Since our last newsletter, ESMA has updated its Q&A on the Market in Financial Instruments Directive 2014/65/EU of 15 May 2014 (“MiFID II”) and on the Markets in Financial Instruments Regulation 600/2014 of 15 May 2014 (“MiFIR”), on the following topics:
- Q&A on MiFID II Investor Protection and intermediaries (the “Investor Protection Q&A”)
- Q&A on MiFID II and MiFIR Transparency and market structure topics
- Q&A on MiFIR Data Reporting
- Q&A on MiFID II and MiFIR Transparency
In this article, we will only focus on the Investor Protection Q&A which includes one new Q&A relating to inducements. In particular, ESMA provides us with clarification on the application of the definition of “acceptable minor non-monetary benefits” which is given in paragraph 3 Article 12 of Commission Delegated Directive (EU) 2017/593 of 7 April 2016 supplementing MiFID II (the “MiFID II Delegated Directive”).

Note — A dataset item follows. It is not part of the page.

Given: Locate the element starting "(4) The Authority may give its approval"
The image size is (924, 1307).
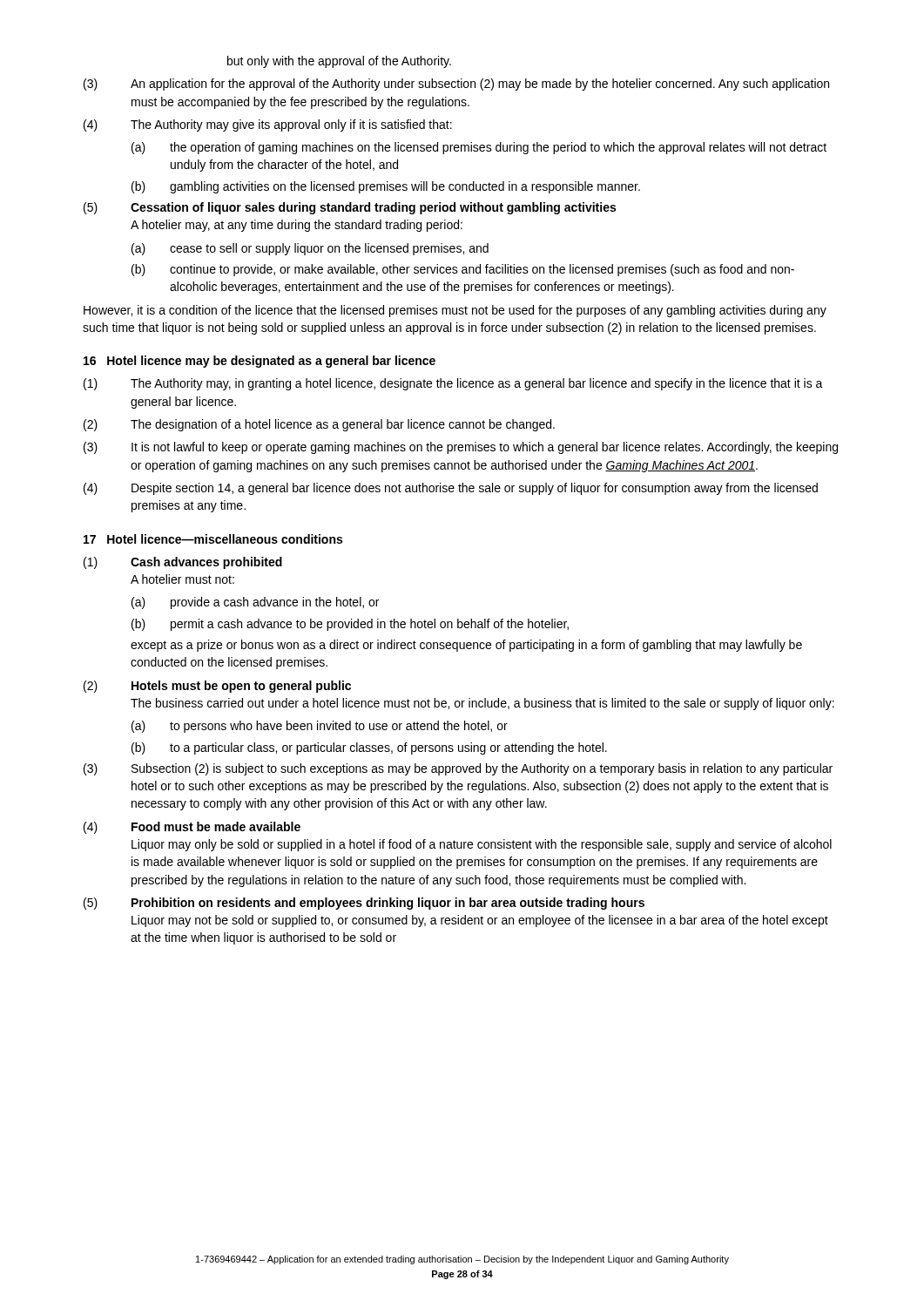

Article 12, paragraph 3 of the MiFID II Delegated Directive defines “acceptable minor non-monetary benefits” as benefits that are “reasonable and proportionate and of such a scale that they are unlikely to influence the investment firm’s behaviour in any way that is detrimental to the interests of the relevant client” and also lists various examples of what qualifies as “acceptable minor non-monetary benefits”. This definition is given in the context of inducements in respect of investment advice on an independent basis or portfolio management services.
ESMA has now clarified with this new Q&A that “acceptable minor non-monetary benefits” should be construed within the meaning as set out in Article 12, paragraph 3 of the MiFID II Delegated Directive irrespective of the investment service or ancillary service provided.